Don’t get me wrong – I aspire to have my books published by a huge publisher like Penguin, ( an agent would be nice, too) but I am very happy with Snowbooks whose entire focus has been on getting what they believe is a very good book into bookstores by March 1st. (They’re small but they sure as heck know how to market their product, let me tell you…) Early reviews for Shade Fright, I am told, are very good.  Fellow blogger and kick ass author Nancy Holzner not to mention über-blogger Sci-Fi Guy have read Shade Fright and offered fantastic reviews, yet a big part of me has this feeling of impending doom mixed with a small dose of personal satisfaction and a smattering of disbelief. Yeah, you read that right, disbelief.

After writing pure unadulterated crap that should be launched into orbit and never looked on with a pair of human or even extra-terrestrial eyes (serious, I started writing with the goal of getting published when my son was in diapers – he’s going to be 20 this June)  I’m still shocked and amazed that I’ve actually done it, you know?

Well I’m rambling here. I completed my last check for errors and fired some changes back to Snowbooks – we’re down to the wire now. Forty days and Shade Fright will be available for your reading pleasure (hopefully on the pleasure part). You should know that Chapter One of Funeral Pallor, the second book in the series will be included and it’s all about zombies because as you know, zombies rock. You know, except for when they’re eating you.

Oh – and I’ve been invited to participate in Con-Version 26 this October in Calgary – I am in geek heaven and what a great place to do a North American launch for a series of urban fantasy novels that takes place in Calgary, eh?

Have a good one.

RSVP for My Bitten by Books Contest

January 15th, 2010

Come and visit me at Bitten by Books on Monday, 1/18.  There’ll be an interview PLUS a contest. On the theory that you may not have received everything you wanted for the holidays, I’m giving away two Amazon.com gift certificates. First prize is worth $80 and second prize is worth $20. Entries are open worldwide, to anyone who can accept and use a gift card from the U.S. Amazon.com site.

If you RSVP, you’ll get extra chances to win. Just go here and leave a comment that says you’re RSVP-ing. Then come back on Monday and leave another comment or ask a question, and you’re entered. See you there!

It’s not fantasy, but it’s damned good.

January 12th, 2010

If you haven’t read this book, you should. Like.. now. Go get it. Seriously….go on now, scoot! Come back and tell me when you’ve bought it.

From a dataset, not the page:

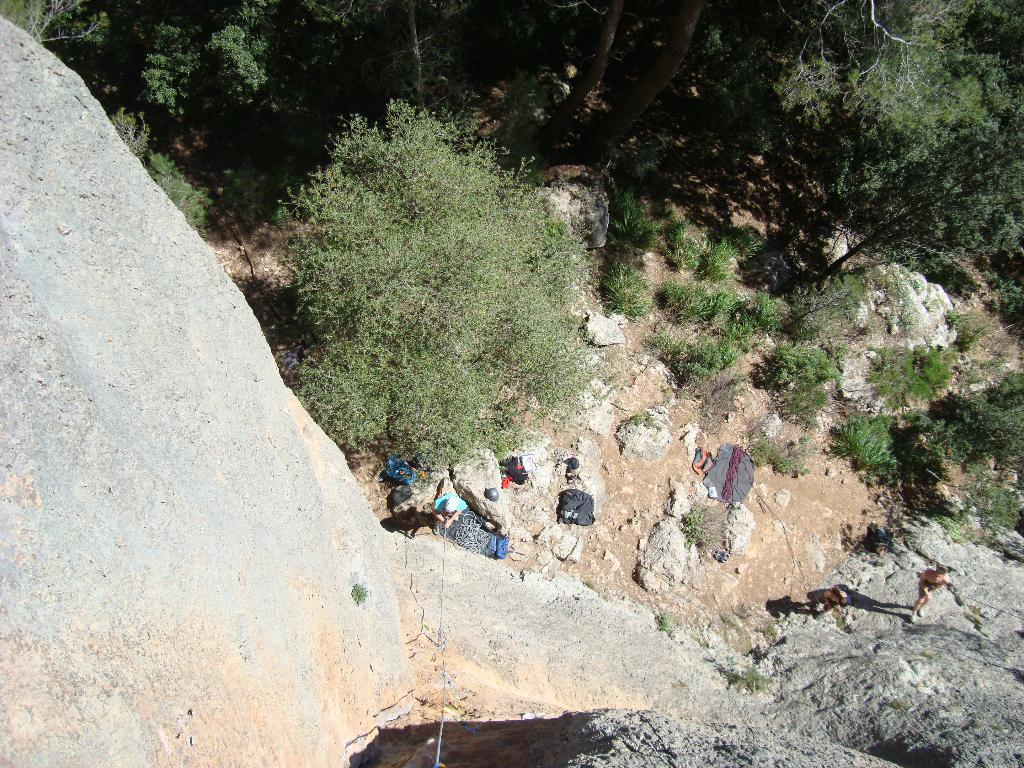What type of natural elements can be seen in the image? There are trees in the image. What objects are present in the image that might be used for carrying items? There are bags in the image. What type of material is visible in the image that might be used for tying or securing objects? There are ropes in the image. What can be observed in the image that indicates the presence of light and shadows? There are shadows in the image. What living beings are present in the image? There are people standing in the image. What type of stove is visible in the image? There is no stove present in the image. How does the behavior of the people in the image change throughout the day? The provided facts do not give any information about the behavior of the people in the image or how it might change throughout the day.

I am utterly convinced this will be a movie starring that chick from Chuck (except she’ll have a dye job) – it’s that freaking good.

Fellow Canadian author Catherine McKenzie’s debut is a remarkable work… and I’m a dude…

Here’s the skinny:

Katie Sandford has just gotten an interview at her favourite music magazine, The Line. It’s the chance of a lifetime. So what does she do? Goes out to celebrate — and shows up still drunk at the interview. No surprise, she doesn’t get the job, but the folks at The Line think she might be perfect for another assignment for their sister gossip rag. All Katie has to do is follow It Girl Amber Sheppard into rehab. If she can get the inside scoop (and complete the 30-day program without getting kicked out), they’ll reconsider her for the job at The Line.

Katie takes the job. But things get complicated when real friendships develop, a cute celebrity handler named Henry gets involved, and Katie begins to realize she may be in rehab for a reason. Katie has to make a decision — is publishing the article worth everything she has to lose?